Was wird im Hauptteil der Arbeit behandelt?
Der Hauptteil gliedert sich in eine allgemeine Einführung, die Differenzierung der Störungen des Cluster A und eine vertiefende Analyse der schizoiden Persönlichkeitsstörung.
Welche Schlüsselwörter charakterisieren die Arbeit?
Wichtige Begriffe sind insbesondere die verschiedenen Cluster-A-Diagnosen, soziale Isolation, therapeutische Beziehungsgestaltung und die psychologische Differenzierung von Affekten.
Warum wird im Alltag bei der Wohnsituation zwischen verschiedenen Schizoiden unterschieden?
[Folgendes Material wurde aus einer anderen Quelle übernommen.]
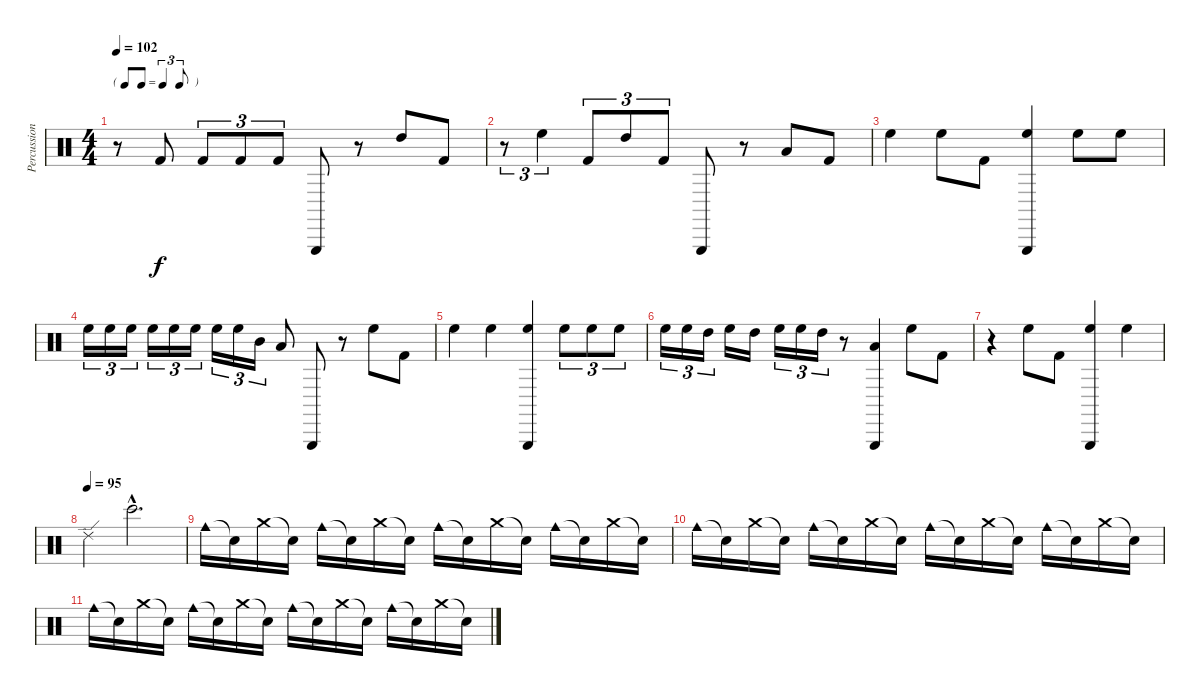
\track ("Percussion" "Percussion") {instrument percussion}
\staff {score}
\articulation defaults
\ts (4 4)
\tf triplet8th
\tempo 102
\clef neutral
\ks c
r.8{dy f} "Kick (hit) 2".8 "Kick (hit) 2".8{tu (3 2)} "Kick (hit) 2".8{tu (3 2)} "Kick (hit) 2".8{tu (3 2)} "Triangle (hit)".8 r.8 "High Tom (hit)".8 "Kick (hit) 2".8 |
r.8{tu (3 2)} "High Floor Tom (hit)".4{tu (3 2)} "Kick (hit) 2".8{tu (3 2)} "High Tom (hit)".8{tu (3 2)} "Kick (hit) 2".8{tu (3 2)} "Triangle (hit)".8 r.8 "Low Tom (hit)".8 "Kick (hit) 2".8 |
"High Floor Tom (hit)".4 "High Floor Tom (hit)".8 "Kick (hit) 2".8 ("High Floor Tom (hit)" "Triangle (hit)").4 "High Floor Tom (hit)".8 "High Floor Tom (hit)".8 |
"High Floor Tom (hit)".16{tu (3 2)} "High Floor Tom (hit)".16{tu (3 2)} "High Floor Tom (hit)".16{tu (3 2)} "High Floor Tom (hit)".16{tu (3 2)} "High Floor Tom (hit)".16{tu (3 2)} "High Floor Tom (hit)".16{tu (3 2)} "High Floor Tom (hit)".16{tu (3 2)} "High Floor Tom (hit)".16{tu (3 2)} "Mid Tom (hit)".16{tu (3 2)} "Low Tom (hit)".8 "Triangle (hit)".8 r.8 "High Floor Tom (hit)".8 "Kick (hit) 2".8 |
"High Floor Tom (hit)".4 "High Floor Tom (hit)".4 ("High Floor Tom (hit)" "Triangle (hit)").4 "High Floor Tom (hit)".8{tu (3 2)} "High Floor Tom (hit)".8{tu (3 2)} "High Floor Tom (hit)".8{tu (3 2)} |
"High Floor Tom (hit)".16{tu (3 2)} "High Floor Tom (hit)".16{tu (3 2)} "High Tom (hit)".16{tu (3 2)} "High Floor Tom (hit)".16 "High Tom (hit)".16 "High Floor Tom (hit)".16{tu (3 2)} "High Floor Tom (hit)".16{tu (3 2)} "High Tom (hit)".16{tu (3 2)} r.8 ("Low Tom (hit)" "Triangle (hit)").4 "High Floor Tom (hit)".8 "Kick (hit) 2".8 |
r.4 "High Floor Tom (hit)".8 "Kick (hit) 2".8 ("High Floor Tom (hit)" "Triangle (hit)").4 "High Floor Tom (hit)".4 |
\tempo (95)
"Ride (edge) 2".4 "Bongo High (hit)"{hac}.2{d} |
"Cowbell medium (hit)".16{balance 14} "Snare (hit)"{t}.16 "Crash medium (hit)".16 "Snare (hit)"{t}.16 "Cowbell medium (hit)".16 "Snare (hit)"{t}.16 "Crash medium (hit)".16 "Snare (hit)"{t}.16 "Cowbell medium (hit)".16{balance 0} "Snare (hit)"{t}.16 "Crash medium (hit)".16 "Snare (hit)"{t}.16 "Cowbell medium (hit)".16 "Snare (hit)"{t}.16 "Crash medium (hit)".16 "Snare (hit)"{t}.16 |
"Cowbell medium (hit)".16{volume 3} "Snare (hit)"{t}.16 "Crash medium (hit)".16 "Snare (hit)"{t}.16 "Cowbell medium (hit)".16 "Snare (hit)"{t}.16 "Crash medium (hit)".16 "Snare (hit)"{t}.16 "Cowbell medium (hit)".16 "Snare (hit)"{t}.16 "Crash medium (hit)".16 "Snare (hit)"{t}.16 "Cowbell medium (hit)".16 "Snare (hit)"{t}.16 "Crash medium (hit)".16 "Snare (hit)"{t}.16 |
"Cowbell medium (hit)".16 "Snare (hit)"{t}.16 "Crash medium (hit)".16 "Snare (hit)"{t}.16 "Cowbell medium (hit)".16 "Snare (hit)"{t}.16 "Crash medium (hit)".16 "Snare (hit)"{t}.16 "Cowbell medium (hit)".16 "Snare (hit)"{t}.16 "Crash medium (hit)".16 "Snare (hit)"{t}.16 "Cowbell medium (hit)".16 "Snare (hit)"{t}.16 "Crash medium (hit)".16 "Snare (hit)"{t}.16

Weil das Bedürfnis nach Anonymität variiert; während manche in ländlichen Gemeinschaften zurechtkommen, bevorzugen andere die Anonymität einer Großstadt, um ihre distanzierte Art nicht zum sozialen Konflikt werden zu lassen.
Welche Rolle spielt die therapeutische Beziehung bei der Behandlung von Schizoiden?
Die Entwicklung einer vertrauensvollen Beziehung ist entscheidend, erfordert jedoch aufgrund der störungsbedingten Schwierigkeiten in zwischenmenschlichen Beziehungen viel Geduld, menschliche Wärme und die Akzeptanz einer langsamen Regulation von Nähe und Distanz.
Warum ist die Wahl des Berufs für Schizoide oft eingeschränkt?
Da viele Berufe soziale Kompetenzen (Softskills) wie Teamfähigkeit erfordern, meiden Schizoide diese. Sie neigen dazu, Berufe zu wählen, in denen sie als „Einzelkämpfer“ agieren können, wie beispielsweise in der theoretischen Wissenschaft oder Mathematik.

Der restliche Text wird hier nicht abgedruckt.